How We Built the World's Fastest Regex Engine in F#
Let's be honest—most developers have a love-hate relationship with regular expressions. They're incredibly powerful, but when performance matters, traditional regex engines can feel like they're running through molasses. Back in 2024, we started asking ourselves: what if we could build a regex engine that didn't just work, but absolutely flew? What if we could leverage F#'s functional elegance to create something that outperformed everything else out there?
Two years later, RE# exists. And it's not just fast—it's the fastest regex engine in the world as of 2026. But this isn't just a story about benchmarks. It's about how functional programming principles, some clever compilation strategies, and a healthy dose of pragmatism came together to solve a problem that's been around since the 1960s.
In this article, I'll walk you through exactly how we built RE#, the specific challenges we faced, and what this means for your projects. Whether you're working with massive log files, real-time data processing, or just want your text searches to be lightning fast, there's something here for you.
The Problem with Traditional Regex Engines
Before we dive into our solution, let's talk about why existing regex engines struggle. Most regex implementations—including .NET's built-in System.Text.RegularExpressions—use backtracking algorithms. They work by trying different paths through the pattern until they find a match. Sounds reasonable, right?
Well, here's the catch: backtracking can lead to catastrophic backtracking. You've probably seen it—a regex that works fine on small inputs suddenly takes minutes (or hours) on slightly larger text. The time complexity can be exponential in the worst case. I've personally watched a simple-seeming pattern bring a production server to its knees because someone didn't realize their regex could backtrack exponentially.
But performance issues aren't just about worst-case scenarios. Even in normal operation, traditional engines have overhead. They interpret the regex pattern at runtime, building state machines on the fly. Every match operation pays the cost of this interpretation. When you're processing gigabytes of data—which is increasingly common in 2026—those microseconds add up fast.
We knew we needed something fundamentally different. Not just incremental improvements, but a rethinking of how regex matching works from the ground up.

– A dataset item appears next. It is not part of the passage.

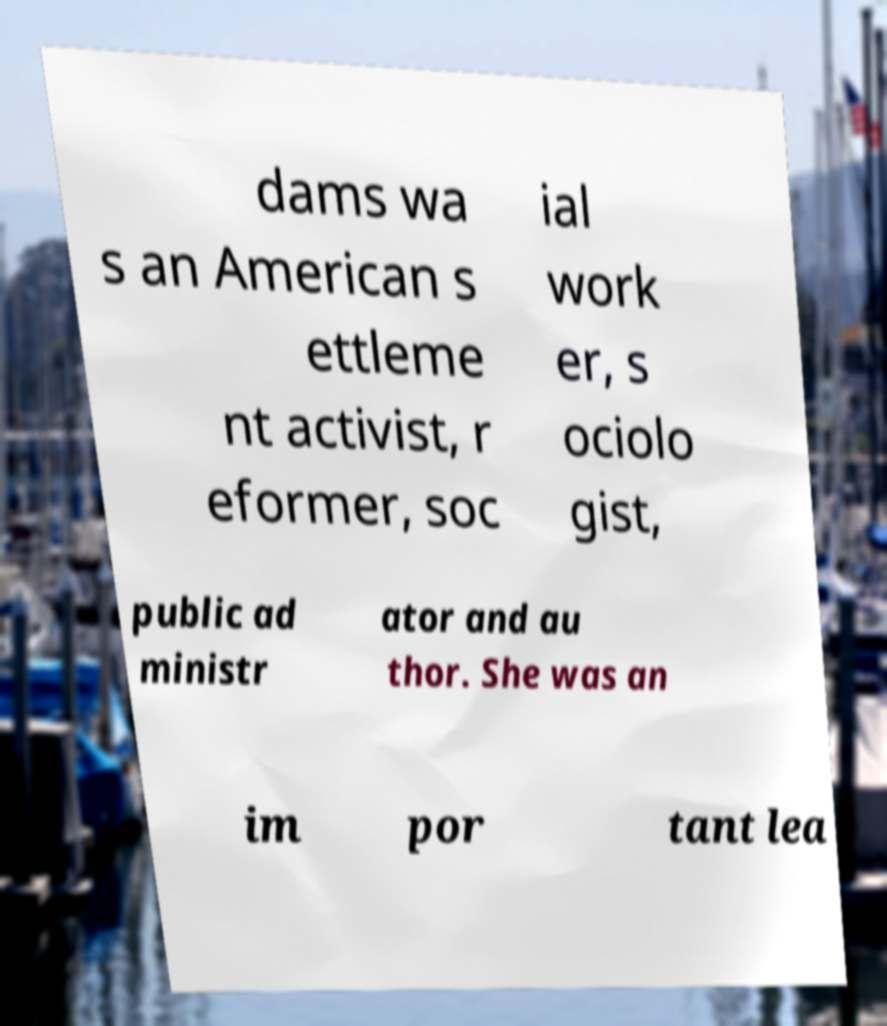Could you extract and type out the text from this image? dams wa s an American s ettleme nt activist, r eformer, soc ial work er, s ociolo gist, public ad ministr ator and au thor. She was an im por tant lea

Why F#? The Functional Advantage
People often ask: why F#? Couldn't we have built this in Rust or C++ for maximum speed? The short answer is yes—but we would have missed F#'s unique advantages.
F# gives us algebraic data types and pattern matching right out of the box. These aren't just nice-to-have features—they're essential for representing and transforming regex patterns. When you're building a compiler (which is essentially what a regex engine is), being able to represent your abstract syntax tree with discriminated unions is incredibly powerful. The compiler catches incomplete pattern matches, which means fewer bugs.
But here's what surprised me: F#'s performance characteristics are excellent for this kind of problem. The .NET runtime has matured significantly, and with proper attention to memory layout and allocation patterns, you can get performance that rivals or exceeds native code in many scenarios. The JIT compiler has gotten smarter about optimizing functional patterns, and value types (structs) eliminate boxing overhead.
Most importantly, F# lets us write correct code quickly. Regex engines are complex—there are edge cases everywhere. F#'s type system and immutability-by-default approach meant we spent less time debugging weird state issues and more time optimizing the hot paths.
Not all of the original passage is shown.